SimpleXML, Date Data Order, Stream, Efficiency and all that
Posted on 2009-03-29
I wish to create a class that will act as an API to a stream of data. Such as might be a twitter clone or a facebook wall clone or whatever. The store of preference is XML and so I will be using SimpleXML as I have a sound grasp of how to use it. The store needs to be of any size and might become very large over time.
These items are likely to be of the form <something date="" id=""></something> but inside that the items might get quite complex. The most important point is that they are part of the bigger system time sensitive with the newest items being the ones we are largely going to be interested in.
That said, while I can probably come up with some methods of getting a unique ID system in place I am fairly sure it would end up as a hack of some kind. So my thinking is towards using time/date sensitive to the millisecond as ID. That's not my question but...
Now the output process needs to return a SimpleXML object with the newest x items.
The easiest way would be to scoop the first 20 entries from the XML store ut this would only work if the newest records were at the top. SimpleXML appends new entries at the end of the space and so this does not work.
So the next option would be to scoop the last 20 although I can not currently conceive of anything that might do this efficiently.

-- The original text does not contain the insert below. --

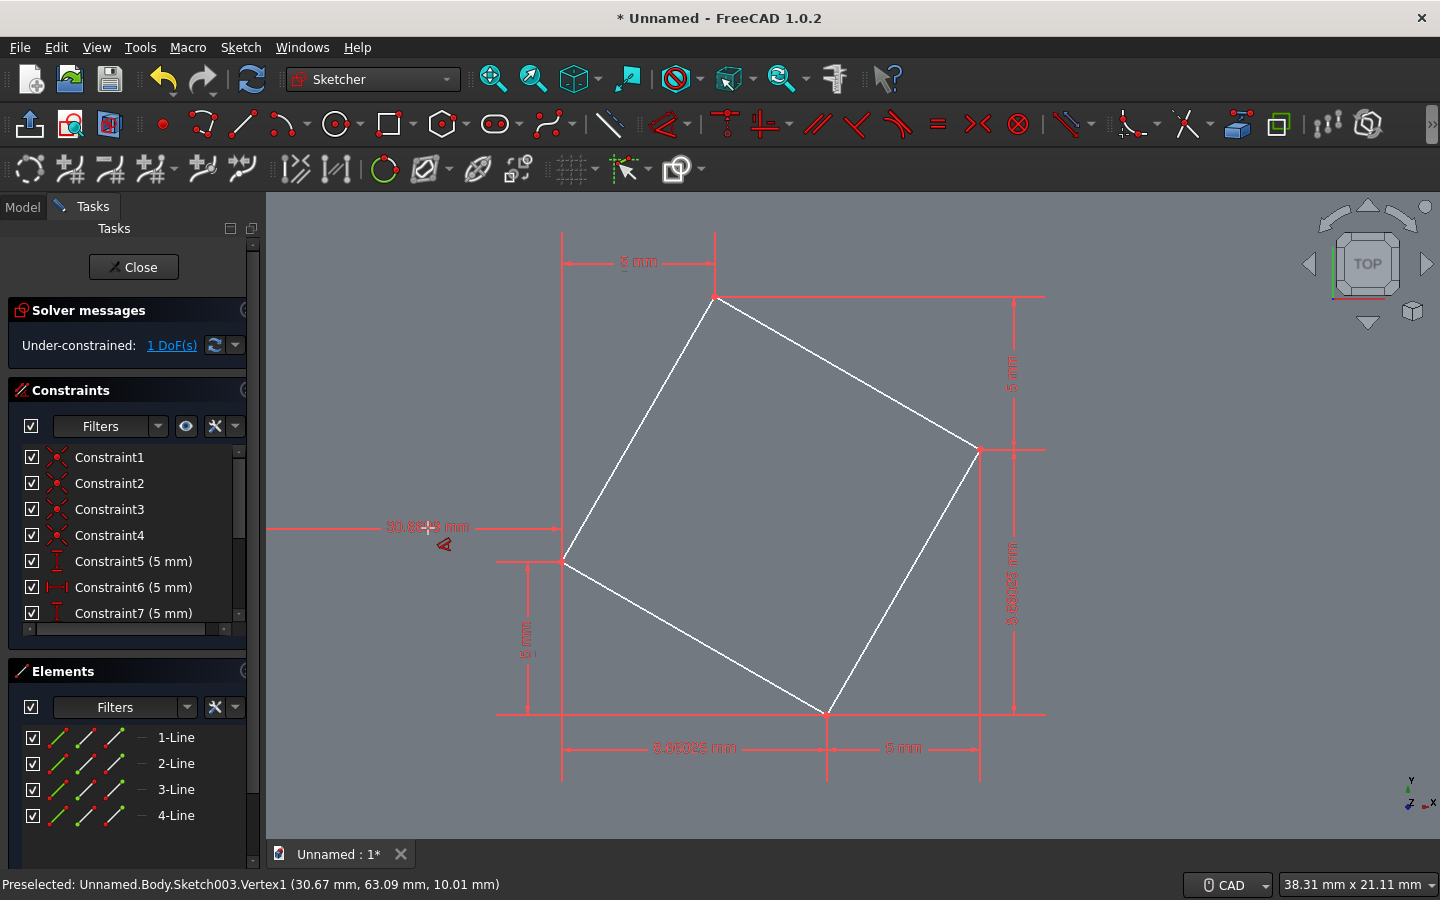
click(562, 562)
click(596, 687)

The ideal solution would not care if the data was unsorted but this is not going to happen as some maintenance or index is needed for simplicity of data fetching (the same reason SQL databases have indexes).
At all costs I want to avoid doing a foreach through the entire collection as this will eventually kill any server as the file gets bigger and the output more popular.
As a secondary factor I am sure that I will want to "page" through the "archives".
So I need a logically sound pattern (and some pointers as to how I can implement the fellow) for storing and retrieving from such a store.
To use MySQL would solve these problems as they are already solved in MySQL but this makes demands of the final implementation I am not happy with. The ideal of this being that we have a specification for the process and display but it could be created in any language and in the future replaced with ease if the next maintainer feels Ruby on Rails or whatever is the way to go forward.
So it has to be XML. It has to be efficient even with big files and it has to be simple enough for me to understand.
I plan to create a Factory singleton that will maintain a cache of the each stream specific API class. However, a web site is multi threaded (each child process could be running the same code) so this is only so much use. Therefore I need to work out exact rules for the API class for read and write that would allow multiple threads to not bum out the system with identical dates or dates out of order...
I considered a once a minute cron to take from a buffer file and as a virtual single threaded singleton write to the store but this is overly complex and opens up a whole new can of possible problems. I need to create a plan for a data format and read-write method that plays well with other instances.
I considered file locking but don't know much about it enough to use for sanity and to be honest aside from identical date-time ID there should be no issue that requires this. However...
So the read write process also needs sanity checks.
I'm not looking for complete solutions but I do need to form a sound plan to work from with the potential problems mitigated or avoided in theory at least.
I'm shooting for stable and reliable even if lots of random developers of different skills start making calls to the API class
That's why this question is getting top points possible - I need a solid working plan.